While we're pretty sure Stravinsky didn't have the Spring Club CrawlTM in mind when he wrote "Rite of Spring," the Crawl has become exactly that. While the Fall Club CrawlTM includes both local and regional acts, the Spring Crawl is strictly a locals-only affair, allowing attendees the opportunity to check out a wildly diverse selection of Tucson's finest musical acts in a single night, all within the confines of a small downtown area. From country to jazz, rockabilly to tejano, punk to blues, the tired, old cliche "something for everyone" only begins to get at what the Crawl is all about.
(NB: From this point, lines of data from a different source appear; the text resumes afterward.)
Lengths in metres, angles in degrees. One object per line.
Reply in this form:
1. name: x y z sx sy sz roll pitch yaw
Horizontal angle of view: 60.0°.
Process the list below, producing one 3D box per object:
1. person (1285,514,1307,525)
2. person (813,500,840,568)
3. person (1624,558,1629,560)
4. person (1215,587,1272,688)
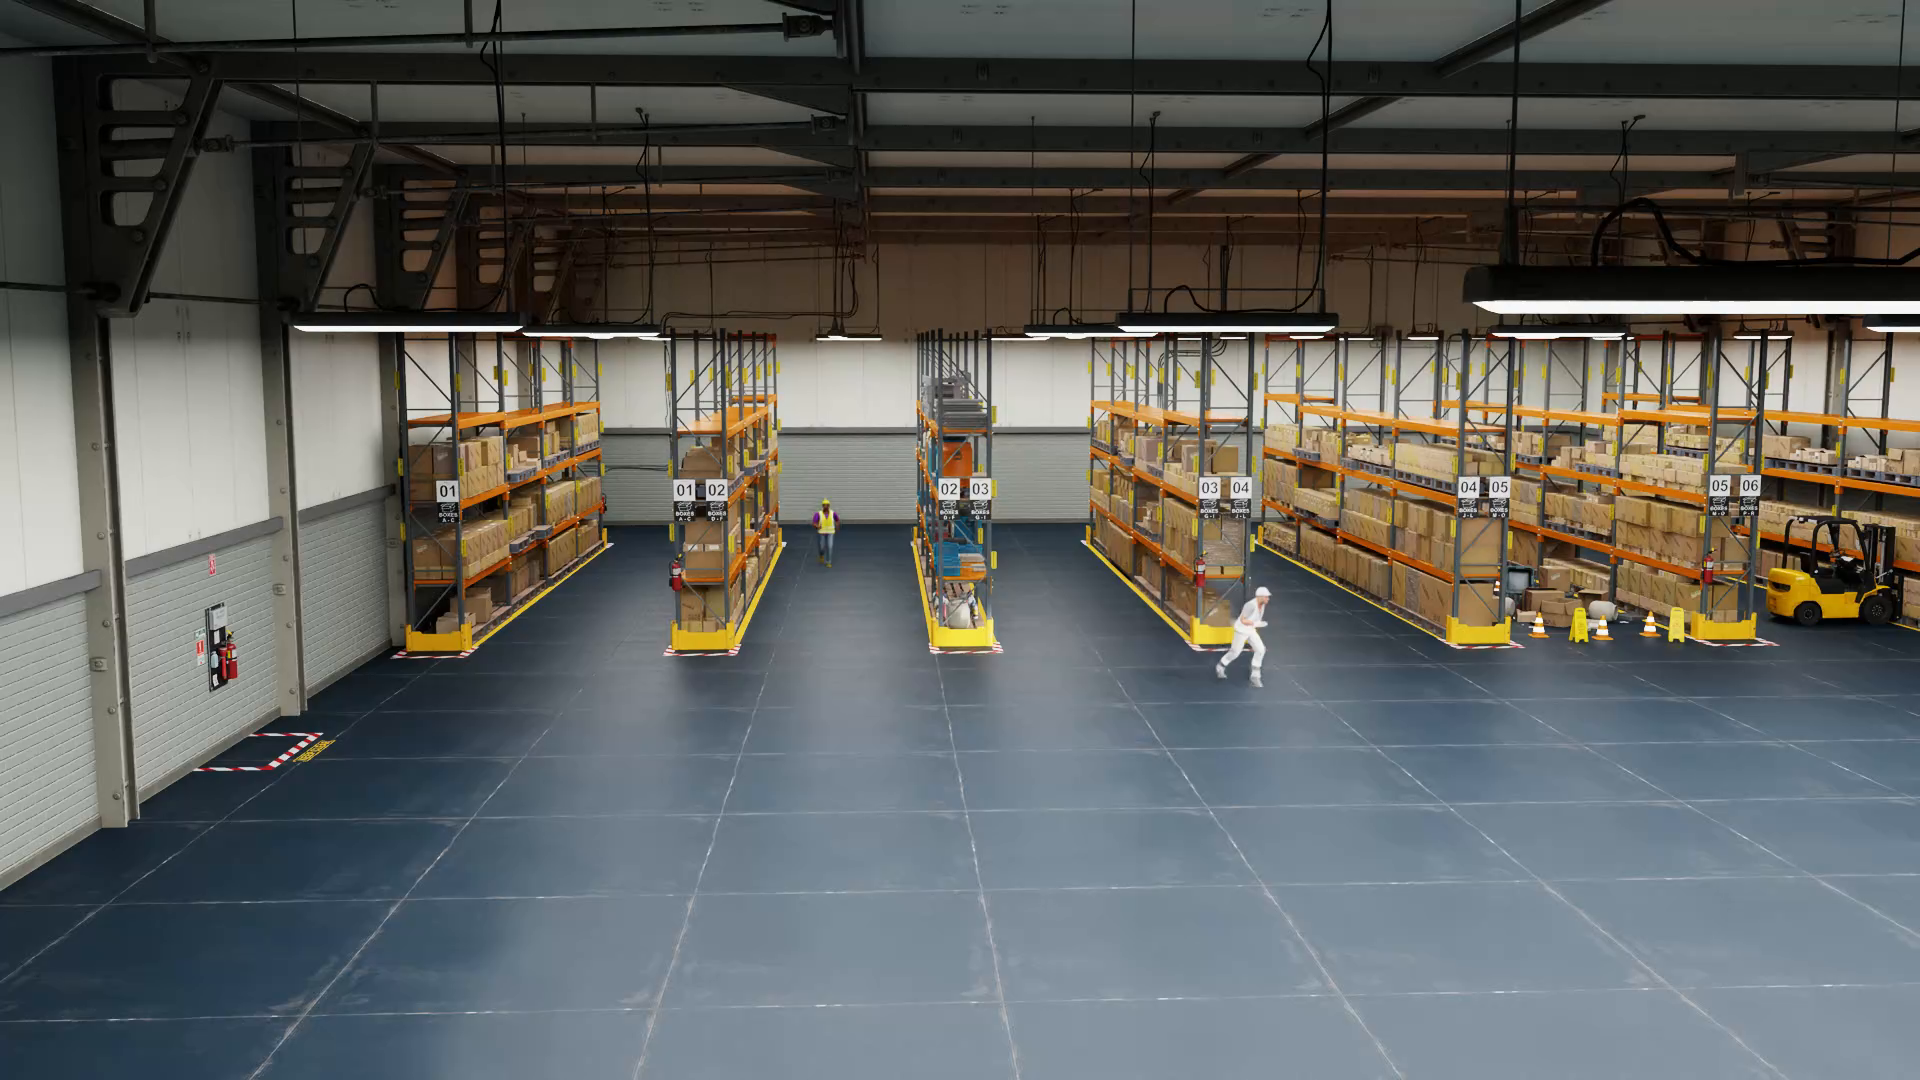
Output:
1. person: 9.821 -0.903 48.893 0.918 1.764 0.712 -1 7 -11
2. person: -3.429 -0.170 42.756 0.714 1.733 0.791 -1 7 -10
3. person: 16.275 0.194 40.161 0.628 1.649 0.615 -1 7 -5
4. person: 4.777 1.616 28.013 1.033 1.729 0.705 5 9 39

This time around, the action is spread over eight outdoor stages and more than a dozen indoor venues, including the famed Rialto Theatre, which is reopening just in time for the event. Best of all, a single wristband, available in advance for $8 at CD City, as well as downtown at Hotel Congress and Hippie Gypsy (or $10 on the night of the event, until they sell out) grants you entry to the entire shebang, so there's no hassle with paying cover charges everywhere you go.

We'd like to thank all of our sponsors for allowing us to put on such an enormous endeavor; we certainly couldn't do it without them. And we certainly couldn't do it without you, either--the music fans who care enough to turn out in droves every year to bask in the bright glow of your local music scene.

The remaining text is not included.